_Task to complete:_ Extract from the entries below, exactly as given, only the lines from the line containing "Image width covers 84.4°." to the line containing "teapot | -0.154", both lines included.

_Records to use:_
┏━━
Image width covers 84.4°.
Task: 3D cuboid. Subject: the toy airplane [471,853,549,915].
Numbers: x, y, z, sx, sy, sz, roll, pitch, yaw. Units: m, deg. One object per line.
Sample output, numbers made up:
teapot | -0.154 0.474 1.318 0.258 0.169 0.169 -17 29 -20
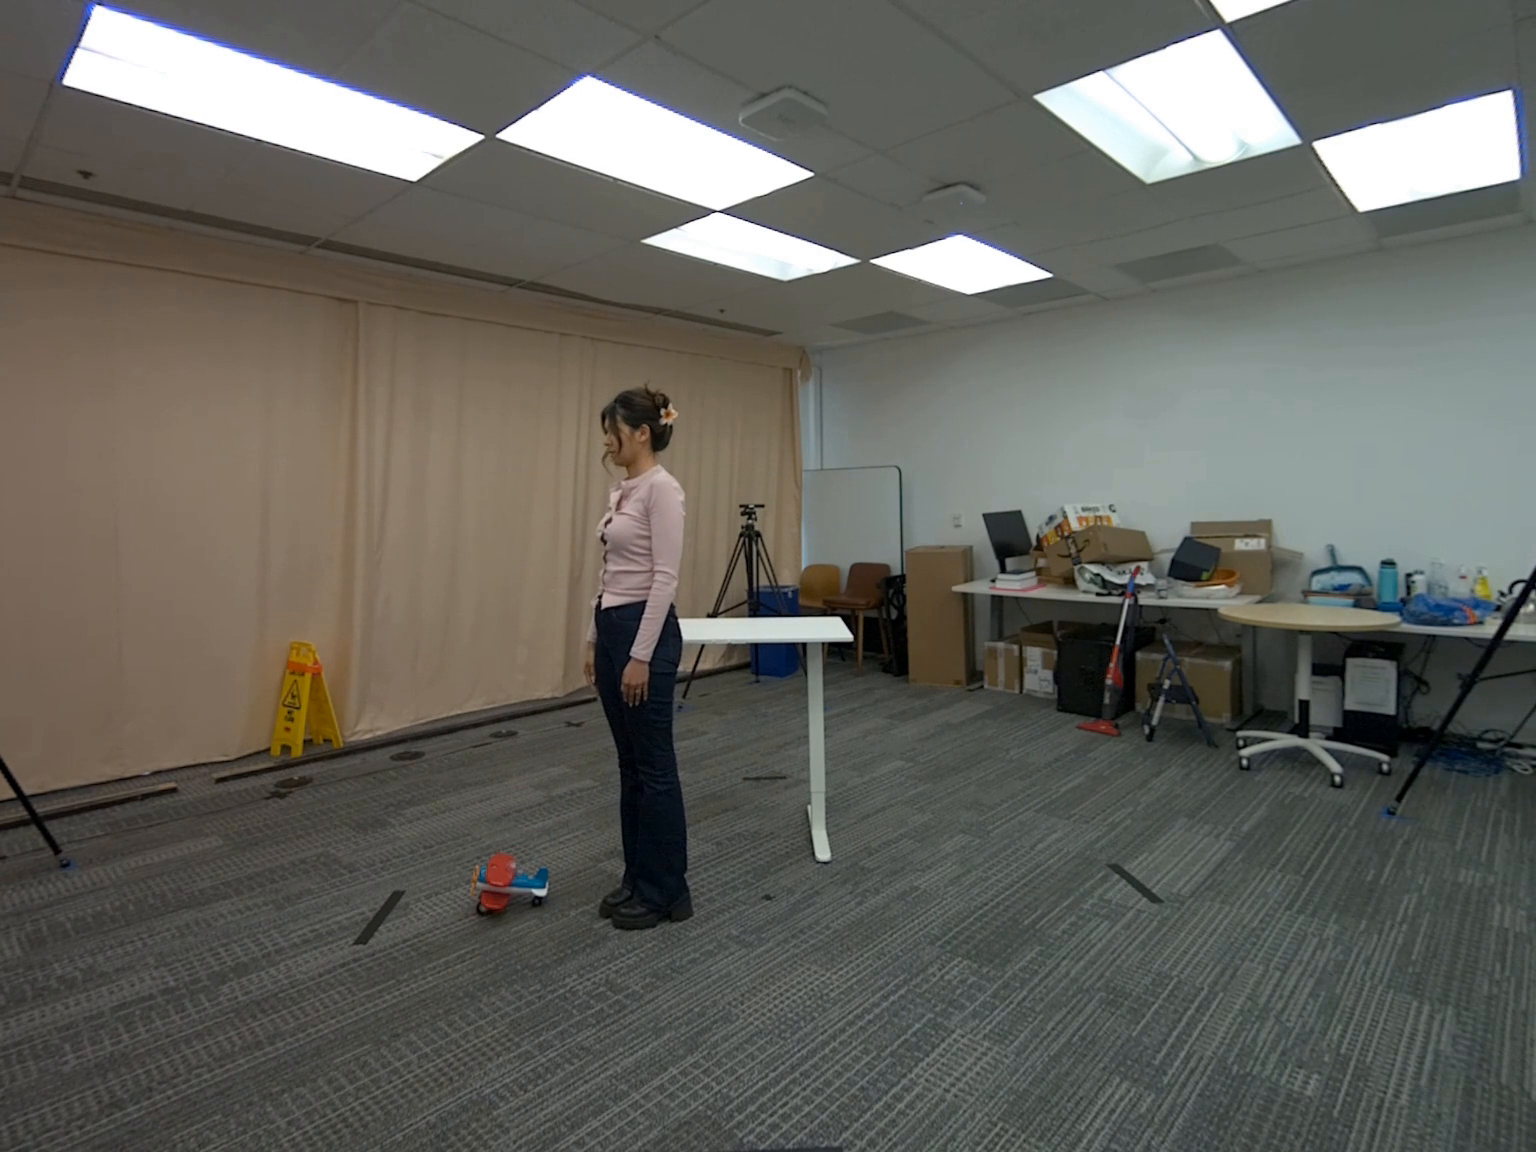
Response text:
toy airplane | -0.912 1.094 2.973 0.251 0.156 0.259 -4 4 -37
┗━━
┏━━
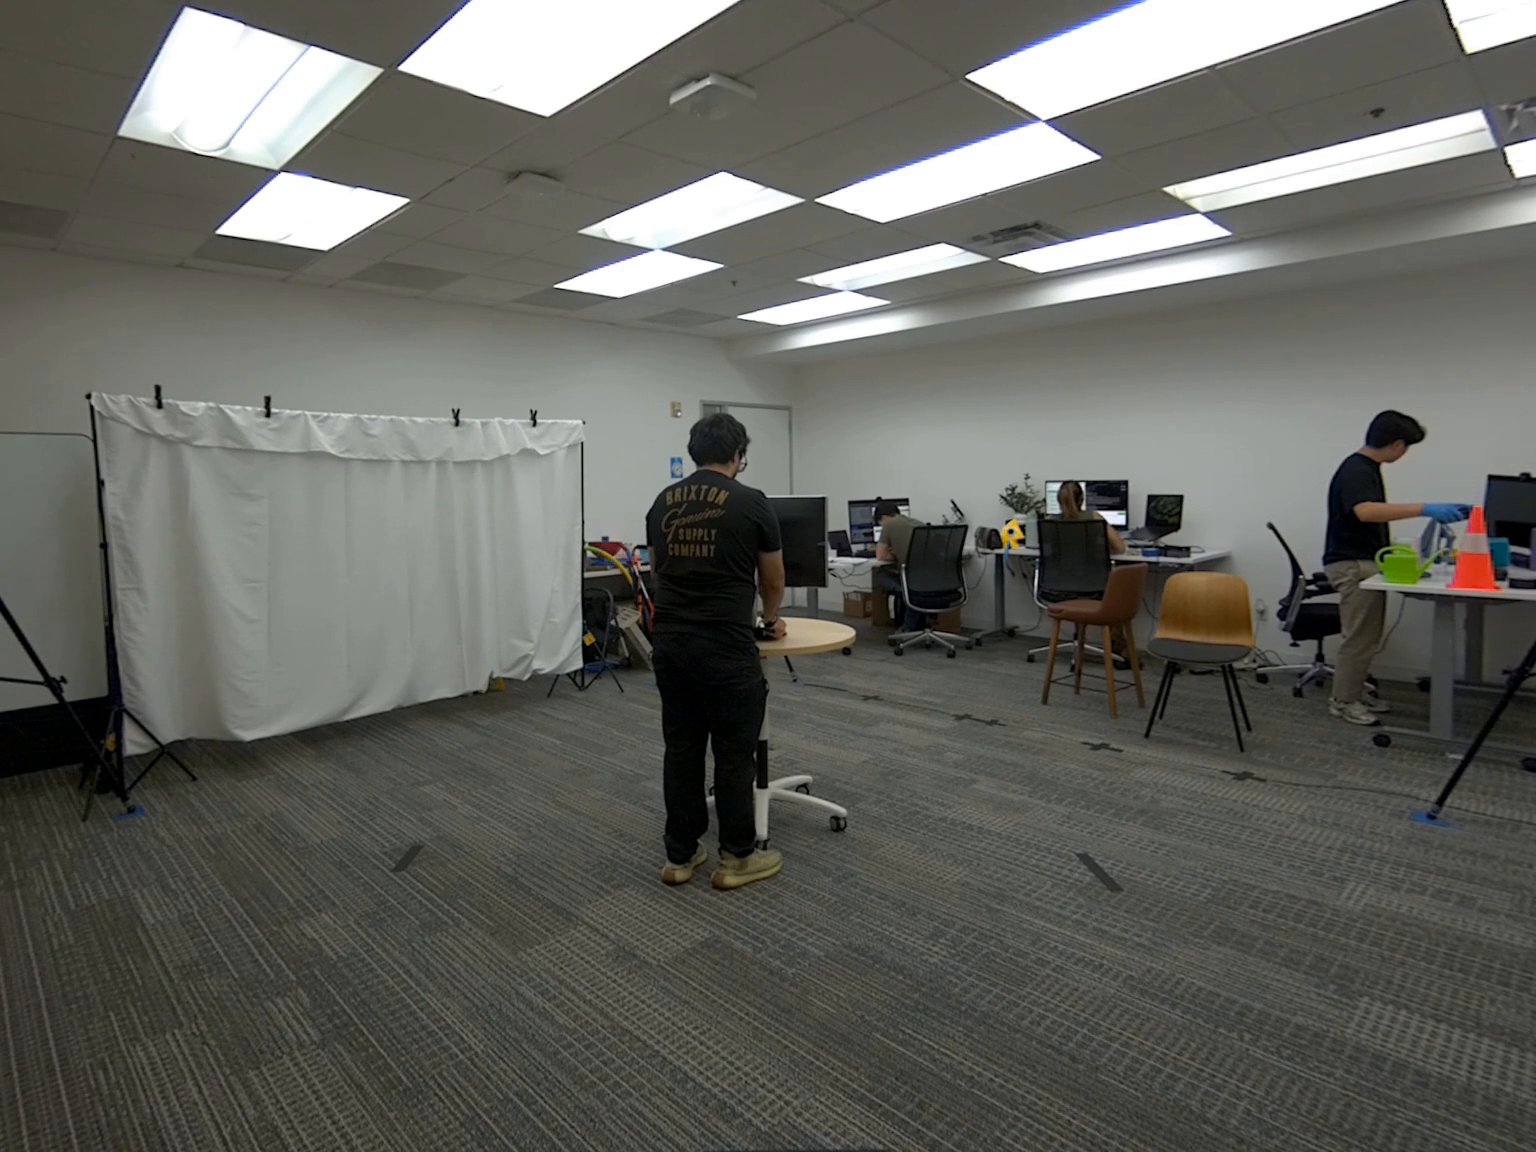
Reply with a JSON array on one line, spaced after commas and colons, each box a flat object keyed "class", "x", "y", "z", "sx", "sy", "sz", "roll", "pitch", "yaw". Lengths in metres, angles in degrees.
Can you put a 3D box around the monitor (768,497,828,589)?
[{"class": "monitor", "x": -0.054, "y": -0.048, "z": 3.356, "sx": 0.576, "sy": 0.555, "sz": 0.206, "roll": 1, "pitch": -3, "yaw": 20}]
┗━━
_Result:_
Image width covers 84.4°.
Task: 3D cuboid. Subject: the toy airplane [471,853,549,915].
Numbers: x, y, z, sx, sy, sz, roll, pitch, yaw. Units: m, deg. One object per line.
Sample output, numbers made up:
teapot | -0.154 0.474 1.318 0.258 0.169 0.169 -17 29 -20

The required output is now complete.